After a few tries and a lot of tasting (and feedback from friends), I finally landed on a version that captures the spirit of the Bob Evans original chili recipe—rich, hearty, and comforting.
Now it’s one of the dishes I make when the weather turns cool or when I just want something satisfying without spending hours in the kitchen.

What Makes Bob Evans Chili Different
Many chili recipes lean heavily into spice or smokiness.

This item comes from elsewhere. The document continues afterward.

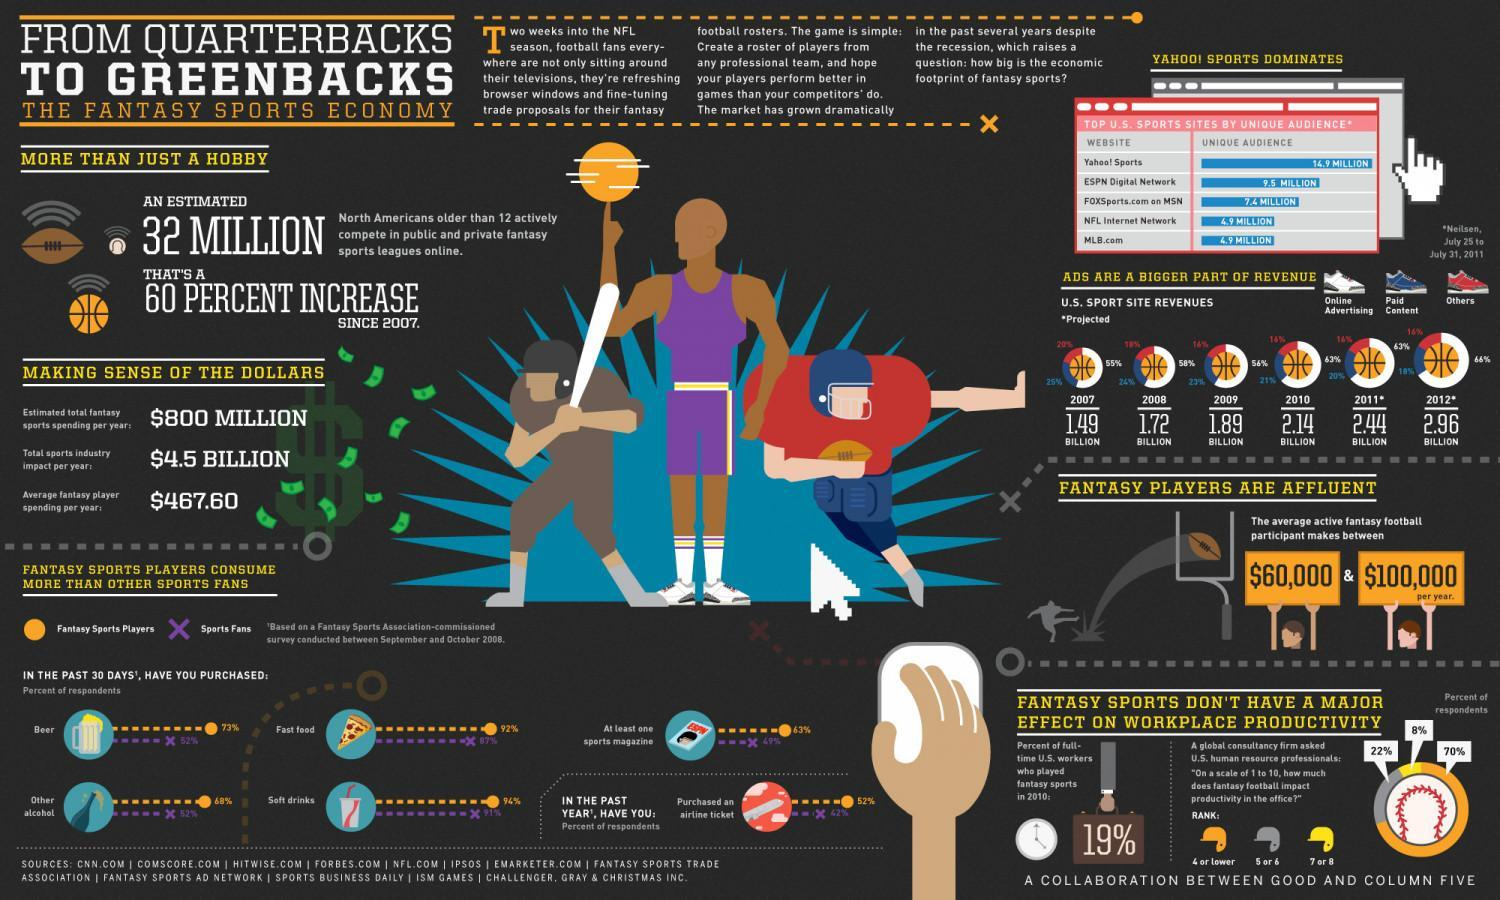What % was the US sports site revenue in 2009 from online advertising
Answer the question with a short phrase. 56% how many teenagers and above North Americans actively compete in public and private fantasy sports leagues online 32 million In the past 30 days, what has 52% not purchased beer, other alcohol What % of respondents ranted 7 or 8 on the question of how much does fantasy football impact productivity in the office? 8% WHat is the amount that an average active fantasy football participant make per year between $60,000 & $100,000 What % was the US sports site revenue in 2009 from paid content 23% What is the US Sports site projected revenuw in 2011 2.44 billion What % was the US sports site revenue in 2009 from others 14%

The Bob Evans chili recipe has a slightly different personality.
It focuses more on:
balanced seasoning
tender ground beef
beans and tomatoes working together
mild warmth rather than strong heat
In other words, it’s a chili that almost everyone can enjoy.
Ingredients for My Copycat Version
Here are the ingredients I use when making this Bob Evans chili recipe copycat.
| Quantity | Ingredient | Notes |
|---|---|---|
| 1 lb | Ground beef | 80/20 works well |
| 1 small | Onion | Finely chopped |
| 2 cloves | Garlic | Minced |
| 1 can (15 oz) | Kidney beans | Drained and rinsed |
| 1 can (15 oz) | Diced tomatoes | With juices |
| 1 cup | Tomato sauce | Adds body |
| 1 tbsp | Chili powder | Adjust to taste |
| 1 tsp | Ground cumin | Adds warmth |
| ½ tsp | Paprika | Mild smokiness |
| ½ tsp | Salt | Or to taste |
| ½ tsp | Black pepper | Freshly ground |
| 1 cup | Beef broth | For simmering |
Sometimes I also add a tiny pinch of sugar to balance the acidity of tomatoes.
Equipment I Use
You don’t need special equipment for this chili.
Just a few basic kitchen tools:
Large pot or Dutch oven
Wooden spoon
Knife and cutting board
Measuring spoons
A heavy pot works best because it distributes heat evenly.
Ingredient Story – Why I Chose These
When I was testing this Bob Evans original chili recipe at home, I tried a few different ingredient combinations.
Ground Beef
The restaurant chili has a smooth, meaty texture. Using 80/20 ground beef gives the chili richness without becoming greasy.
Beans
Kidney beans are classic in American chili recipes and match the flavor profile closest to the restaurant version.
Beef Broth
Some recipes skip broth, but I found adding a little gives the chili a more balanced consistency.
Cooking the Chili (Step-by-Step)
When I make this chili, I take my time with the first step because it builds the flavor base
Step 1: Cook the Beef
I heat a large pot over medium heat and add the ground beef.
As it cooks, I break it apart with a wooden spoon.
The sizzling sound and aroma of browning beef always signal the start of something good.
Once the meat is browned, I drain any excess fat.
Step 2: Add Onion and Garlic
Next I stir in the chopped onion and garlic.
They cook with the beef for about 3–4 minutes until the onion softens and becomes slightly translucent.
The kitchen starts smelling amazing at this point.
Step 3: Add Tomatoes and Beans
Now I add:
diced tomatoes
kidney beans
tomato sauce
The mixture immediately looks like a proper chili base.
Step 4: Season the Chili
Then I sprinkle in:
chili powder
cumin
paprika
salt and pepper
I stir everything well so the spices coat the meat evenly.
Step 5: Pour in the Broth
Finally, I add the beef broth.
This loosens the mixture and helps the flavors blend during simmering.
Step 6: Let It Simmer
I bring the pot to a gentle simmer and cook it for 25 minutes.
During this time the chili thickens slightly and the flavors deepen.
Sometimes I give it a stir every few minutes to prevent sticking.
The Texture Moment
When the chili is ready, it has a thick but spoonable texture.
Not too chunky.
Not too soupy.
The beans are tender, the beef is soft, and the tomato base coats everything beautifully.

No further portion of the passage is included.